How to Create Positive Real Estate Cash Flow

There’s a lot of money in real estate if you know what you’re doing. If you go in without a solid understanding of what’s involved, though? You’re wasting more than time and energy.

You’re potentially throwing away every last cent you’ve invested.

Knowledge of your local real estate market and an understanding of what constitutes a smart investment is a good place to start. It’s equally important, however, that you grasp the concept of cash flow. By knowing both how you’ve invested your money and where it’s going after everything is said and done, you’ll take a huge step towards financial success.

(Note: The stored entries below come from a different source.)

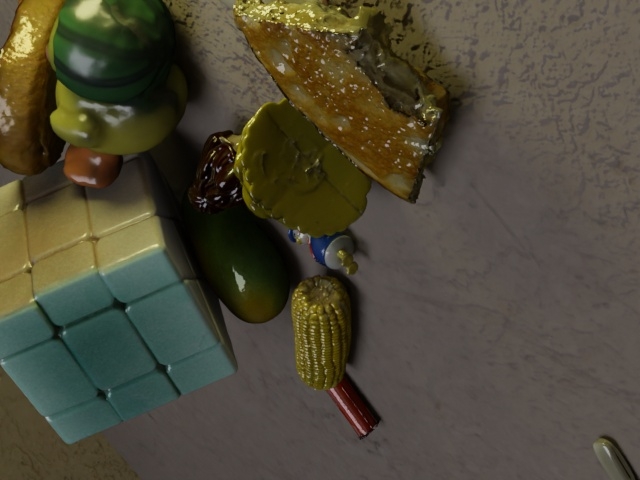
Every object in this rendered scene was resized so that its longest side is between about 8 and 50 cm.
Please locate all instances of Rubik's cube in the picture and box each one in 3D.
[{"bbox_3d":[-0.353,0.074,1.981,0.319,0.315,0.322,-111,-5,-48],"label":"Rubik's cube"}]

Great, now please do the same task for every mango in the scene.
[{"bbox_3d":[-0.142,0.019,1.959,0.251,0.114,0.156,53,164,-6],"label":"mango"}]

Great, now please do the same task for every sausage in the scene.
[{"bbox_3d":[0.040,0.262,2.065,0.145,0.050,0.048,55,148,-6],"label":"sausage"}]

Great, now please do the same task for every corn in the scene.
[{"bbox_3d":[0.003,0.148,1.927,0.093,0.093,0.244,36,153,26],"label":"corn"}]

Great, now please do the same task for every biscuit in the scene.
[{"bbox_3d":[-0.427,-0.244,1.910,0.101,0.296,0.296,12,149,-2],"label":"biscuit"}]

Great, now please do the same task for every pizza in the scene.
[{"bbox_3d":[0.047,-0.181,1.413,0.323,0.089,0.223,45,154,-15],"label":"pizza"}]

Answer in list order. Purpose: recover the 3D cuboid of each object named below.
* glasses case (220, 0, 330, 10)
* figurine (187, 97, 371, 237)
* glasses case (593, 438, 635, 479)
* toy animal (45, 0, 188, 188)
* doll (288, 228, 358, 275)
[{"bbox_3d":[-0.066,-0.298,1.502,0.204,0.051,0.081,34,146,26],"label":"glasses case"},{"bbox_3d":[-0.079,-0.105,1.700,0.187,0.168,0.315,17,177,-25],"label":"figurine"},{"bbox_3d":[0.382,0.292,1.601,0.083,0.021,0.032,57,152,-13],"label":"glasses case"},{"bbox_3d":[-0.287,-0.233,1.790,0.191,0.216,0.338,17,143,5],"label":"toy animal"},{"bbox_3d":[0.000,0.000,1.786,0.143,0.057,0.099,37,166,36],"label":"doll"}]
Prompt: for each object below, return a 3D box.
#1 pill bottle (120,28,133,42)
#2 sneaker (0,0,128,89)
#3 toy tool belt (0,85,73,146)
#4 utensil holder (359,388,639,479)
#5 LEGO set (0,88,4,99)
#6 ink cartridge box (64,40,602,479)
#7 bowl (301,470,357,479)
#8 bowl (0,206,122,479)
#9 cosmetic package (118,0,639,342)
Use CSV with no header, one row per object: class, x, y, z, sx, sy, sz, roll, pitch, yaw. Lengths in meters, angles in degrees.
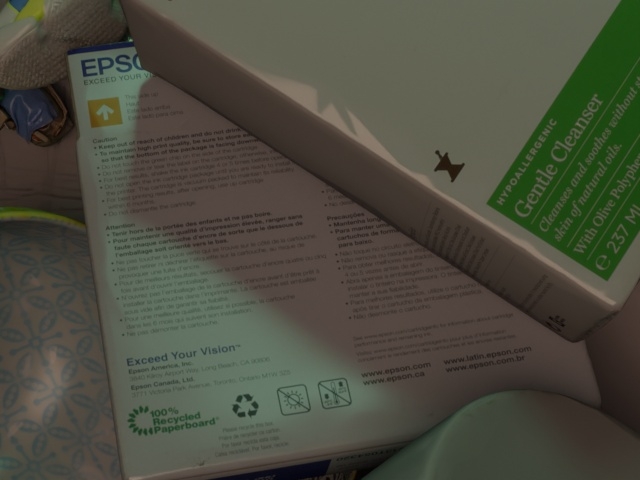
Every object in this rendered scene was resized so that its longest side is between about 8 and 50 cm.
pill bottle,-0.171,-0.167,1.109,0.083,0.043,0.043,43,102,3
sneaker,-0.180,-0.217,1.065,0.240,0.091,0.126,-41,67,-16
toy tool belt,-0.237,-0.108,1.124,0.083,0.051,0.052,44,102,2
utensil holder,0.065,0.321,0.924,0.327,0.327,0.385,46,127,1
LEGO set,-0.404,-0.193,1.050,0.331,0.192,0.255,3,85,13
ink cartridge box,0.000,0.000,1.011,0.324,0.071,0.330,-8,65,-9
bowl,-0.043,0.177,1.101,0.170,0.080,0.170,-8,52,10
bowl,-0.270,0.099,1.089,0.156,0.289,0.289,25,105,50
cosmetic package,0.073,-0.116,0.931,0.365,0.155,0.197,32,80,6
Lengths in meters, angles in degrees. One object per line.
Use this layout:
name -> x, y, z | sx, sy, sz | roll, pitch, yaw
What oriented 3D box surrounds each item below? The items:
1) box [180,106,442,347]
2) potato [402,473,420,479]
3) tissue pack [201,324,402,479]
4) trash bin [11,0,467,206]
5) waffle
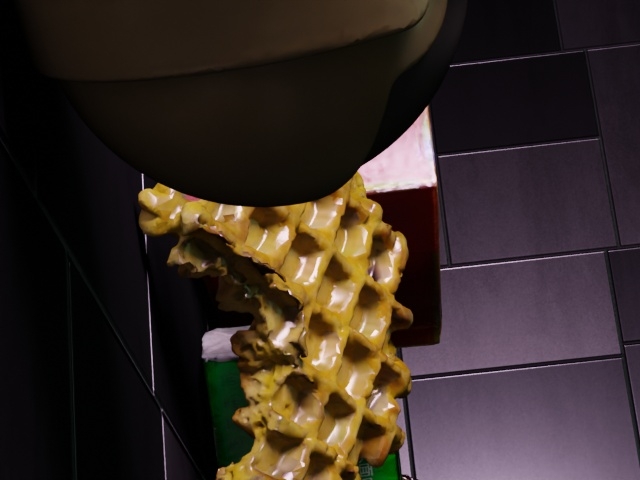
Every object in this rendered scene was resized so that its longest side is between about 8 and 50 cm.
box -> -0.001, 0.000, 1.351 | 0.313, 0.198, 0.089 | 80, 4, -63
potato -> 0.031, 0.361, 1.513 | 0.266, 0.229, 0.229 | -60, 146, -61
tissue pack -> -0.010, 0.164, 1.302 | 0.156, 0.148, 0.209 | -99, -178, -78
trash bin -> -0.041, -0.177, 0.690 | 0.214, 0.214, 0.333 | -89, 167, -75
waffle -> -0.012, 0.064, 1.097 | 0.260, 0.069, 0.292 | -21, 108, -52

Let’s start by explaining the concept of positive cash flow, then we’ll move on to a few strategies for generating it. 

What Do We Mean By Positive Real Estate Cash Flow?

Cash flow is basically what it sounds like. 

It’s a measure of how money moves through a property. When you get more money out than you put in, you’ve got positive cash flow. When a property costs you more money than it makes you, that’s negative cash flow. 

Note that cash flow can be measured in multiple ways. If, for instance, you’re purchasing a home with the intent of flipping it, you have positive cash flow if you make more money from the sale than you invested into the initial purchase and renovations. If you own and operate a rental property, meanwhile, your cash flow is positive if you’re making more from rent than you’re spending on maintenance and upkeep, even if it’s only a hundred dollars or so. 

It’s also important to understand that negative cash flow isn’t necessarily a bad thing. As you gain expertise in real estate and knowledge of the difference between a good purchase and a bad one, it’s entirely possible to justify the purchase of a property with negative cash flow. So long as there’s the possibility that you can push things into the black, you’re not wasting your money. 

How Is Real Estate Cash Flow Calculated? 

Although the concept of positive cash flow is fairly easy to understand, the mechanics of it are actually quite complex. Determining whether or not a property you plan to purchase will generate positive cash flow requires a great deal of knowledge and research. You need to understand, in no particular order: 

  • Your city’s real estate market. Is your city likely to experience a real estate boom in the next five years? What about the next ten years? 
  • The neighborhood in which your property is located. What’s the crime rate? How many new businesses have moved into the area or left the area recently? Is the area undergoing gentrification, or is it suffering from stagnation or urban blight?
  • The condition of the property. How likely is it that you’ll have to deal with a hefty repair bill within a few years of making your purchase? 
  • Your city’s rental market. Is your city core filled with countless vacant apartments and condominiums, or is there a constant flow of people looking to rent? 
  • Other expenses. Will you hire a property manager? Involve a realtor in your purchase? Spend money on marketing or advertising? 
  • Rental costs in your neighborhood. In real estate, the golden rule for rental properties is that your monthly rent should be equal to or greater than one percent of the total cost of your property. If you’re unable to justify that cost (ie. other properties in the area have prices that are significantly lower) then you may want to reconsider your purchase. 

With the above in mind, The Balance Small Business Blog has put together a simple formula for calculating your cash flow in rental properties. First, you’ll want to determine how much you’ll be paying for your property on a monthly basis, then translate that into an annual total. Be sure to include not only your mortgage payments but also your taxes and insurance fees.

Next, study the properties in your area to give you an idea of the general vacancy rate you might expect. The Balance suggests at least six percent, though you may want to adjust this depending on your research. You should also study how much the previous owner spent on maintenance and repairs, and budget accordingly.

Finally, leave yourself a bit of wiggle room for miscellaneous expenses, such as property management or marketing/advertising. 

Calculating the cash flow for buy-and-hold properties (assuming you aren’t renting them out) is a lot simpler. Simply subtract the total investments made into the property from what you sold it for. Be sure to include mortgage, insurance, property tax, renovations, and any other miscellaneous fees such as unexpected maintenance costs. 

Investment Strategies To Master Your Property Cash Flow

Aside from arming yourself with knowledge of the rental and real estate market in your city, there are a few other things you should do to get the highest yield on your real estate investments. First, only rent to tenants you’re positive you can trust. You want to perform a thorough background check on an individual before you even think of allowing them to set foot in one of your properties.

Second, shop around when looking for a mortgage broker. You want to find one that gives you the best, most stable offer. The lower your interest rates, the easier it will be to generate positive cash flow.

Finally, you might consider purchasing older properties and renovating them, or else looking to add high-value renovations to your rental units. Bear in mind that not all renovations are created equal, and certain projects won’t add enough value to be justifiable. Per the Money Crashers finance blog, the highest-yield renovations for residential properties are as follows:

  • Remodeling the kitchen
  • Repainting the walls
  • Installing energy-efficient appliances
  • Adding a new bathroom
  • Increasing the property’s square footage
  • Adding energy-efficient windows
  • Adding a deck
  • Improving the insulation

For commercial properties, it’s a bit more complicated. Generally speaking, you’ll want to think about the type of tenant you wish to attract and remodel according to their unique needs. With that said, projects that improve energy efficiency will result in overall lower costs, so they’re never a bad idea.